In recent years, the rapid development of Internet and mobile phones has resulted in thousands of exploded data. Even though it is convenient to get information, it is possible for digital data to be replaced with fake information, potentially by an adversary, or even lost as a result of poor communication conditions. Therefore, the question of how to best guarantee data integrity and recover the tampered data has become an important problem in big data mining infrastructures [13]. Watermarks, defined as the art of embedding secret message into the original signal, are effective ways to solve this problem [4, 5].

The self-recovery watermarking techniques are firstly popular in the image domain [68] and the pioneer study on image watermarks dates back to the last century [9]. There are a variety of different methods for watermark embedding and data recovery, such as discrete cosine transform [10, 11], multiple watermarks [12], and source-channel coding [13].

With an increasing amount of audio and speech data, the security and privacy of speech become an urgent problem. While the self-recovery methods are less explored in the speech domain, because human audio systems are more sensitive than human visual systems, it is necessary to design more accurate schemes to recover tampered speech data. Traditional research has focused on detecting the tampered area but not further recovering the tampered speech [14], which limits the application. A fragile segment-based watermarking scheme for speech detection and recovery is proposed in [15]. The algorithm can both detect the tampered area and recover the lost data, but there are two shortcomings: the tampering coincidence problem and the watermark data waste problem. To solve the two shortcomings at the same time, a novel method using reference-sharing mechanism [16] is proposed in [17]. Moreover, Reed-Solomon codes are fully utilized to design an effective speech self-recovery scheme [18]. In addition, many works focus on the various approaches to the watermark embedding based on its intrinsic characteristics, such as synthesized echoes [19, 20], spread spectrum techniques [21, 22], and patchwork watermarking methods [23, 24].

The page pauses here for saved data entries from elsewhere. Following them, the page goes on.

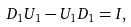Convert formula to latex. <formula><loc_0><loc_0><loc_500><loc_500>D _ { 1 } U _ { 1 } - U _ { 1 } D _ { 1 } = I ,</formula> 
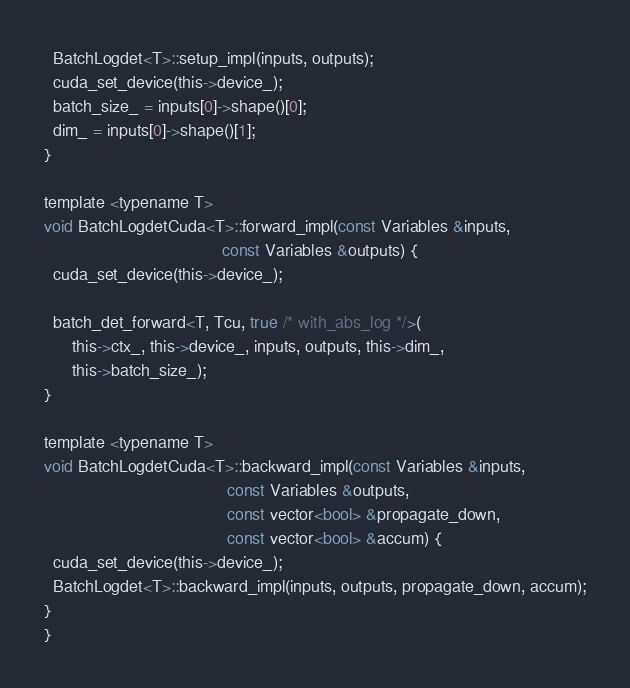Convert code to text. <code><loc_0><loc_0><loc_500><loc_500><_Cuda_>  BatchLogdet<T>::setup_impl(inputs, outputs);
  cuda_set_device(this->device_);
  batch_size_ = inputs[0]->shape()[0];
  dim_ = inputs[0]->shape()[1];
}

template <typename T>
void BatchLogdetCuda<T>::forward_impl(const Variables &inputs,
                                      const Variables &outputs) {
  cuda_set_device(this->device_);

  batch_det_forward<T, Tcu, true /* with_abs_log */>(
      this->ctx_, this->device_, inputs, outputs, this->dim_,
      this->batch_size_);
}

template <typename T>
void BatchLogdetCuda<T>::backward_impl(const Variables &inputs,
                                       const Variables &outputs,
                                       const vector<bool> &propagate_down,
                                       const vector<bool> &accum) {
  cuda_set_device(this->device_);
  BatchLogdet<T>::backward_impl(inputs, outputs, propagate_down, accum);
}
}
</code> 
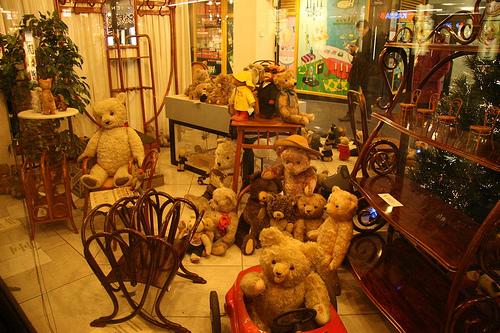What is the bear in the front sitting in?
Give a very brief answer. Car. Is there a teddy bear wearing a raincoat in this scene?
Write a very short answer. Yes. How many teddy bears are wearing clothing items?
Short answer required. 4. 
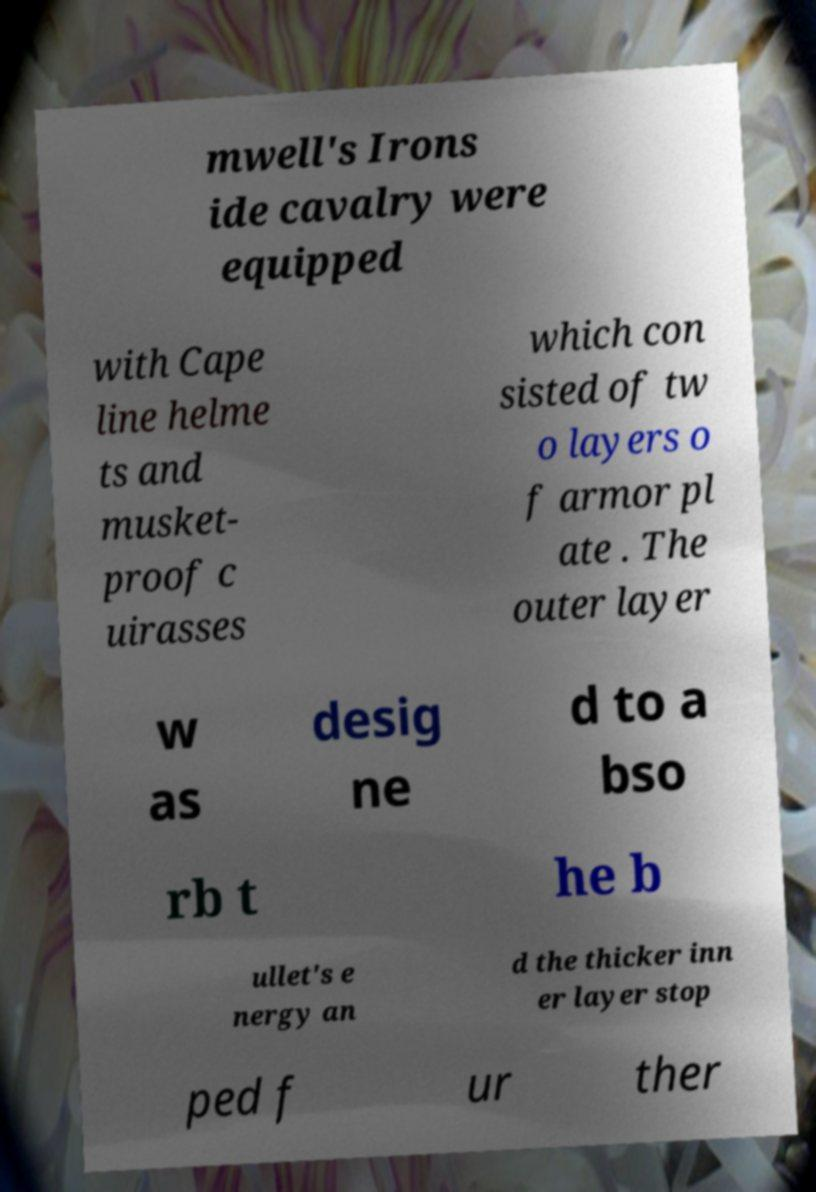For documentation purposes, I need the text within this image transcribed. Could you provide that? mwell's Irons ide cavalry were equipped with Cape line helme ts and musket- proof c uirasses which con sisted of tw o layers o f armor pl ate . The outer layer w as desig ne d to a bso rb t he b ullet's e nergy an d the thicker inn er layer stop ped f ur ther

To conform the complicated scenes in big data mining infrastructures, this paper discusses the influence of the LSB layers used for watermark embedding. Our work is based on a speech self-recovery framework proposed in [17]. In [17], six LSB layers are used for watermark embedding by experience. In this paper, the LSB layer is treated as a parameter and the relationship with other parameters is discussed. By exploring the quantitative relationship between LSB layers, the maximum quantized bits, and the hash bits, the best choices of other parameters are then deduced by the exclusive method when the LSB layers change. We also observed that three to six LSB layers should be chosen for watermark embedding when the total bit layers equal sixteen. When fewer than six LSB layers are used, the imperceptibility of the watermark and the quality of the recovered signal change in opposite directions. Different LSB layers should be chosen according to different big data infrastructures. Moreover, when we enhance the tampered rate, fewer reserved areas could provide efficient reference bits, which may cause worse quality of the recovered signal.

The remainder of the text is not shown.